View all sermons by this speaker.

"The Twelve"

Do you ever wonder about the subtleties of Scripture? Things like numbers, placement of stories, ordering of events? Such things always matter, it's just that some time we don't notice them.

In our text today (Luke 6:12-16), Jesus selects "the twelve." Out of his many followers, after a night of prayer, He choose twelve. Why twelve? Why a night of prayer? Why right after a Sabbath controversy (6:1-11) and right before the "sermon on the plain" (6:17-49)?

The "sermon on the plain" describes the life of a genuine follower of Christ. It's what a disciple's life looks like. For the Jewish nation, the law was a blessing because it showed them how to live in a God-honoring, God-worshiping relationship with Yahweh.

From creation, God established a "day of rest" that was to honor Him. It benefited man while honoring God. It reflected creation, but it was also part of covenant. The twelve tribes of Israel were to honor God and take care of themselves by keeping a Sabbath.

Twelve "tribes" of Israel--the nation that was to be God's people.
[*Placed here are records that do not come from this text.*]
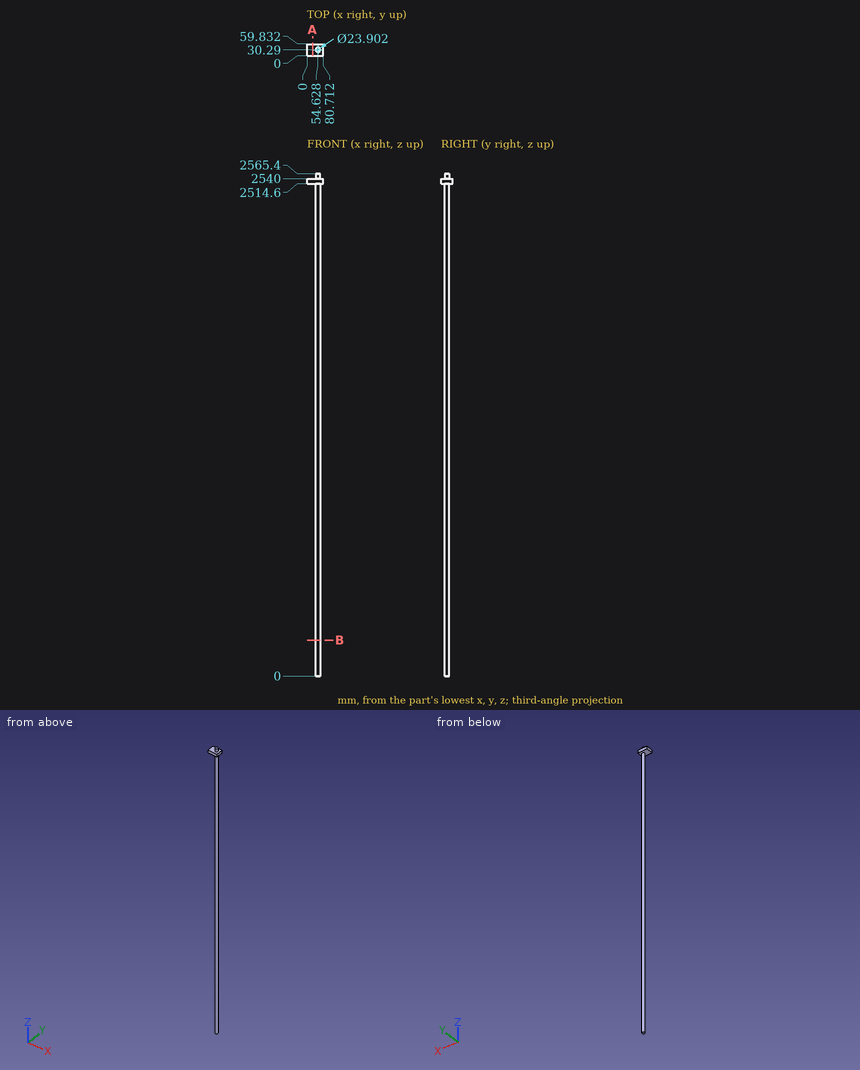
Design review of the part shown in the three views and the two pictorial views. Dimensions are in mm from the part's minimum x, y and z. Round coordinates to 2 decimals unless told otherwise and drop trailing zeros. Loops run counter-clockwise (first coordinate to the right, second up) from the corner with the lowest first, then second, coordinate; pieces in that order, holes last.
(1) Wall thickness on line 1 along Z through (x, y) = (47, 14); line 2 along X through (y, z) = (27.5, 2018); line 3 along X through (y, z) = (29.5, 900): over which ranges is each line inside the solid? List them lowest first.
Returned:
line 1: z = 2514.6 to 2540
line 2: x = 43.01 to 66.25
line 3: x = 42.7 to 66.55
(2) We need section B-B (z = 183). Give the boundary of the cut face in (x, y).
Returned:
outline: circle Ø23.9 at (54.63, 30.29)
(3) We need section A-A (x = 27.5). Give the boundary of the cut face in (y, z), plus the area to 3 significant figures.
Returned:
outline: (0, 2514.6) - (59.83, 2514.6) - (59.83, 2540) - (0, 2540) - close
area: 1,520 mm2
(4) Clearance check with flat-ended pins moving along their axes: P1, Ø5, axis at y = 19, z = 2235.5, coming from the +X side (1 decimal); P2, Ø2, axis at x = 48.5, z = 2190, coming from the -Y side (1 decimal); P3, Ø12, axis at y = 47, z = 1625, coming from the +X side (1 decimal). State where each tip first meets the part, or that it passes through.
Returned:
P1: stops at x = 62.7
P2: stops at y = 19.5
P3: stops at x = 59.9
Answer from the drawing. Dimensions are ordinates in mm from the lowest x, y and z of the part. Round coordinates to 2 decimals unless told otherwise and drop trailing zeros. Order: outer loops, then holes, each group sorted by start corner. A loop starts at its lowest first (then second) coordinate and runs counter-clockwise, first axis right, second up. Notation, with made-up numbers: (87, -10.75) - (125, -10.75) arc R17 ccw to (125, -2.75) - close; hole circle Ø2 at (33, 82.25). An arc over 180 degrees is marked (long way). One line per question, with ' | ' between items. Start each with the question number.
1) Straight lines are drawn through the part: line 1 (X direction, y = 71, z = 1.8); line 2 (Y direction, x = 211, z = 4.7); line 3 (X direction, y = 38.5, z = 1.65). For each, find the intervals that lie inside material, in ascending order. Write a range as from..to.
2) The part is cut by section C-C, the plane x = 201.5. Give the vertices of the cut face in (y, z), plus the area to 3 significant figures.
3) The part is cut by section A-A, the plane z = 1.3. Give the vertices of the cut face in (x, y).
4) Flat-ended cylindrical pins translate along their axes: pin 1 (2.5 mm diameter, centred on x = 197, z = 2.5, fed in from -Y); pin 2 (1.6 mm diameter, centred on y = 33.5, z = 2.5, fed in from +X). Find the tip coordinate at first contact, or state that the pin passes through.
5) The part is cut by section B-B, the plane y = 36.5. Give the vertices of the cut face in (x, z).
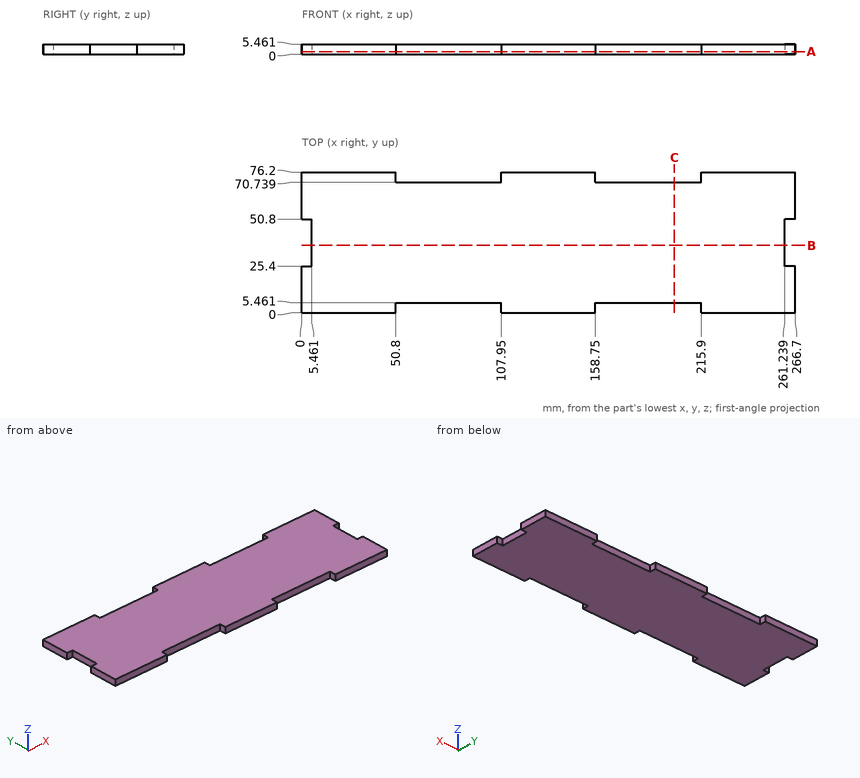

But sin and disobedience had reduced God's people to simply Judah and a few others. The hope of Israel was the Messiah. He would come and restore the nation . . . He would fulfill the law . . . He would give them rest. Just before Moses recieved the Law from God he had a conversation with God (Exodus 19). Then he announced the Law and reminded them of God's covenant with them. With that covenant He was creating a nation . . . a people for His very own (Exodus 19:5-6). They would be His "chosen" (Deuteronomy 7:6, e.g.).

Look again at our text. After a night of prayer, Jesus "chooses" (vs. 13) twelve men to be his apostles. This night of prayer, this choosing of the twelve, comes between a Sabbath controversy and the sermon on the plain. It is as if God were saying . . . just like back in Exodus, I'm establishing my people, I'm choosing my nation.

Through the apostles God has established His household (Ephesians 2:19-22). He has created a "holy nation, belonging to Him" (1 Peter 2:9:10). The church is the "Israel of God" (Galatians 5:16). Original Israel failed. They broke the covenant. They killed the prophets. They crucified the Messiah.

What will the new Israel do? Will we be faithful? Will we be honorable before God? Will we be His new people? Will we establish His name in all the earth? Will we be "lights to the nations"?